→ **Task statement**
Transcribe the records in full; omit images.

→ **Stored records**
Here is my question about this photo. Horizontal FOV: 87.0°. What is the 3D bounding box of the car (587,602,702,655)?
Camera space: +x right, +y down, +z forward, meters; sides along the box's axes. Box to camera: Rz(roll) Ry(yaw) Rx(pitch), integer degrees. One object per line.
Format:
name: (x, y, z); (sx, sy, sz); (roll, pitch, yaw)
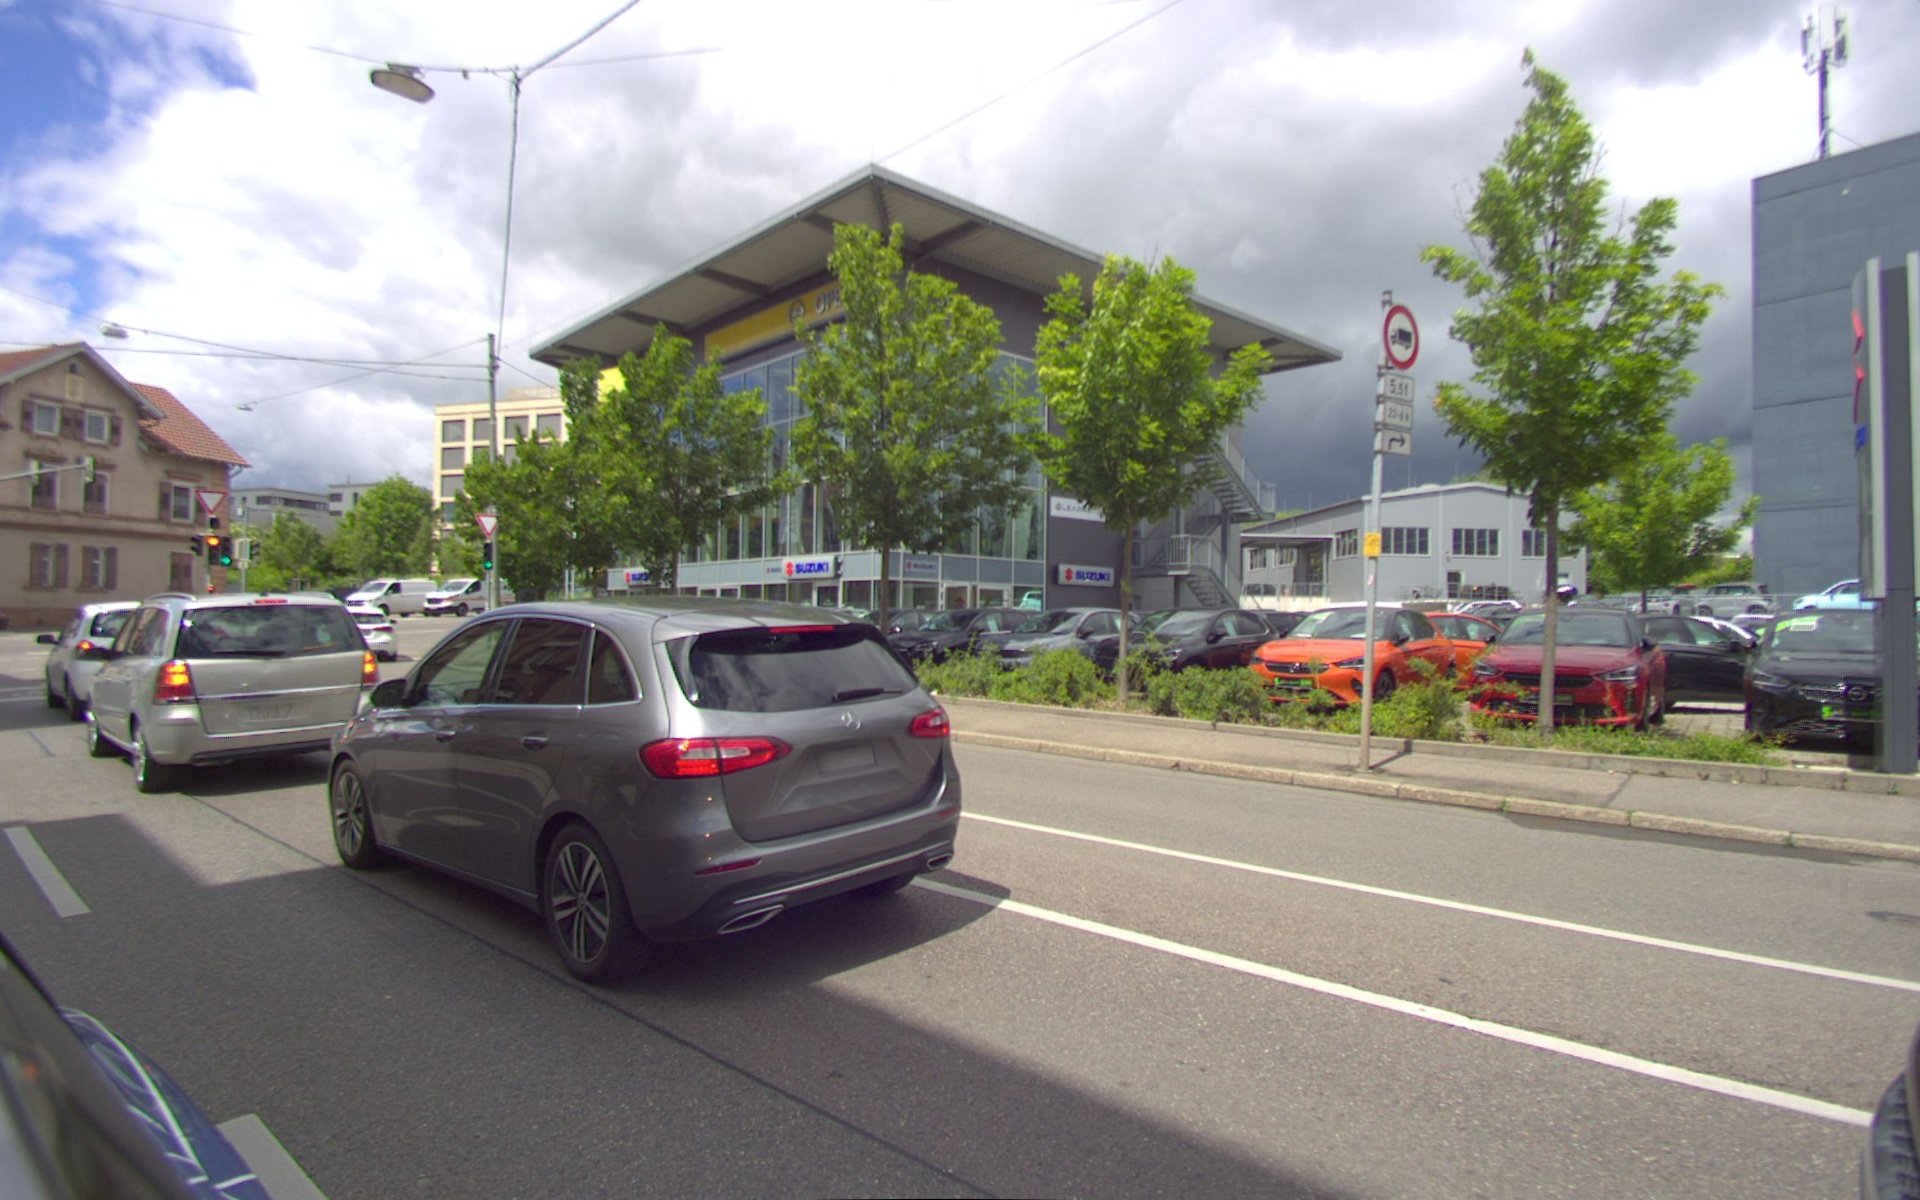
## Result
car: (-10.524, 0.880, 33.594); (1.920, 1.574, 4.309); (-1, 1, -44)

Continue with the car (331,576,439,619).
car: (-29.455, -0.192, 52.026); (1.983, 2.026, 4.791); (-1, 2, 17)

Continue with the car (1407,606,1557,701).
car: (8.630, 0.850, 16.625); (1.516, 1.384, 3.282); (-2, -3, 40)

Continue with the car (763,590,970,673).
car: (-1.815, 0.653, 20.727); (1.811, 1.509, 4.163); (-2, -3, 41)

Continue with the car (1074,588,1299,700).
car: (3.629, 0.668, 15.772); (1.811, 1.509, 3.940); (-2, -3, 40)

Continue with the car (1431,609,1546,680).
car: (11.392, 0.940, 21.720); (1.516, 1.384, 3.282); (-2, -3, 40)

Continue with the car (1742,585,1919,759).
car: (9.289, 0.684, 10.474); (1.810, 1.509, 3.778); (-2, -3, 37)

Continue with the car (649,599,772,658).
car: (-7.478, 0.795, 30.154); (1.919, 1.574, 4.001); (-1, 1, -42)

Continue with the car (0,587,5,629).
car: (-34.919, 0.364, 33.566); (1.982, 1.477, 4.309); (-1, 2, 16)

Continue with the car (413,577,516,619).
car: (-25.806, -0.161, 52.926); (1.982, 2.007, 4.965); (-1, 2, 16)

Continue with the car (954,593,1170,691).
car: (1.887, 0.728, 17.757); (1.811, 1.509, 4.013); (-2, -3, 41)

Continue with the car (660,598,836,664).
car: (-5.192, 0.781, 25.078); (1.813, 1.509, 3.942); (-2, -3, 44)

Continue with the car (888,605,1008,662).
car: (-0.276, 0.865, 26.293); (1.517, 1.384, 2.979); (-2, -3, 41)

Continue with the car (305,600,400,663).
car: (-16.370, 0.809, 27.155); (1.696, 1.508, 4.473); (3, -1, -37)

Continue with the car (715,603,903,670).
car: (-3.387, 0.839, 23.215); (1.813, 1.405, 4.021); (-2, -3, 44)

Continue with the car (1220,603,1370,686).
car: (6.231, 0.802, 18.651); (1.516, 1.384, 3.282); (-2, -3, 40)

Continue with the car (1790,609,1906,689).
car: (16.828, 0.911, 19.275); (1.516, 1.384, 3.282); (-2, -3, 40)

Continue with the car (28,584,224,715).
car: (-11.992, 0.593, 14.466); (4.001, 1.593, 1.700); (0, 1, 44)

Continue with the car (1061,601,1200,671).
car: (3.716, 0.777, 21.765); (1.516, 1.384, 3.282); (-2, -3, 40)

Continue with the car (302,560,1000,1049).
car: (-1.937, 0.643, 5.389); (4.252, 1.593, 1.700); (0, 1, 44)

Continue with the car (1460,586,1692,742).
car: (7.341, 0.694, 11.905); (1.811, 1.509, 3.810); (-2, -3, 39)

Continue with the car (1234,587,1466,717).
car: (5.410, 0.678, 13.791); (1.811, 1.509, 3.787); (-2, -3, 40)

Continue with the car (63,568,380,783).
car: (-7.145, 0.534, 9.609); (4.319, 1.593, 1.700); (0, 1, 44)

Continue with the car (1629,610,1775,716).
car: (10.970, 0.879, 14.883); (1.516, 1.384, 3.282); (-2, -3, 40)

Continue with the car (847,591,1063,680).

→ **Output for this exercise**
Here is my question about this photo. Horizontal FOV: 87.0°. What is the 3D bounding box of the car (587,602,702,655)?
Camera space: +x right, +y down, +z forward, meters; sides along the box's axes. Box to camera: Rz(roll) Ry(yaw) Rx(pitch), integer degrees. One object per line.
Format:
name: (x, y, z); (sx, sy, sz); (roll, pitch, yaw)
## Result
car: (-10.524, 0.880, 33.594); (1.920, 1.574, 4.309); (-1, 1, -44)

Continue with the car (331,576,439,619).
car: (-29.455, -0.192, 52.026); (1.983, 2.026, 4.791); (-1, 2, 17)

Continue with the car (1407,606,1557,701).
car: (8.630, 0.850, 16.625); (1.516, 1.384, 3.282); (-2, -3, 40)

Continue with the car (763,590,970,673).
car: (-1.815, 0.653, 20.727); (1.811, 1.509, 4.163); (-2, -3, 41)

Continue with the car (1074,588,1299,700).
car: (3.629, 0.668, 15.772); (1.811, 1.509, 3.940); (-2, -3, 40)

Continue with the car (1431,609,1546,680).
car: (11.392, 0.940, 21.720); (1.516, 1.384, 3.282); (-2, -3, 40)

Continue with the car (1742,585,1919,759).
car: (9.289, 0.684, 10.474); (1.810, 1.509, 3.778); (-2, -3, 37)

Continue with the car (649,599,772,658).
car: (-7.478, 0.795, 30.154); (1.919, 1.574, 4.001); (-1, 1, -42)

Continue with the car (0,587,5,629).
car: (-34.919, 0.364, 33.566); (1.982, 1.477, 4.309); (-1, 2, 16)

Continue with the car (413,577,516,619).
car: (-25.806, -0.161, 52.926); (1.982, 2.007, 4.965); (-1, 2, 16)

Continue with the car (954,593,1170,691).
car: (1.887, 0.728, 17.757); (1.811, 1.509, 4.013); (-2, -3, 41)

Continue with the car (660,598,836,664).
car: (-5.192, 0.781, 25.078); (1.813, 1.509, 3.942); (-2, -3, 44)

Continue with the car (888,605,1008,662).
car: (-0.276, 0.865, 26.293); (1.517, 1.384, 2.979); (-2, -3, 41)

Continue with the car (305,600,400,663).
car: (-16.370, 0.809, 27.155); (1.696, 1.508, 4.473); (3, -1, -37)

Continue with the car (715,603,903,670).
car: (-3.387, 0.839, 23.215); (1.813, 1.405, 4.021); (-2, -3, 44)

Continue with the car (1220,603,1370,686).
car: (6.231, 0.802, 18.651); (1.516, 1.384, 3.282); (-2, -3, 40)

Continue with the car (1790,609,1906,689).
car: (16.828, 0.911, 19.275); (1.516, 1.384, 3.282); (-2, -3, 40)

Continue with the car (28,584,224,715).
car: (-11.992, 0.593, 14.466); (4.001, 1.593, 1.700); (0, 1, 44)

Continue with the car (1061,601,1200,671).
car: (3.716, 0.777, 21.765); (1.516, 1.384, 3.282); (-2, -3, 40)

Continue with the car (302,560,1000,1049).
car: (-1.937, 0.643, 5.389); (4.252, 1.593, 1.700); (0, 1, 44)

Continue with the car (1460,586,1692,742).
car: (7.341, 0.694, 11.905); (1.811, 1.509, 3.810); (-2, -3, 39)

Continue with the car (1234,587,1466,717).
car: (5.410, 0.678, 13.791); (1.811, 1.509, 3.787); (-2, -3, 40)

Continue with the car (63,568,380,783).
car: (-7.145, 0.534, 9.609); (4.319, 1.593, 1.700); (0, 1, 44)

Continue with the car (1629,610,1775,716).
car: (10.970, 0.879, 14.883); (1.516, 1.384, 3.282); (-2, -3, 40)

Continue with the car (847,591,1063,680).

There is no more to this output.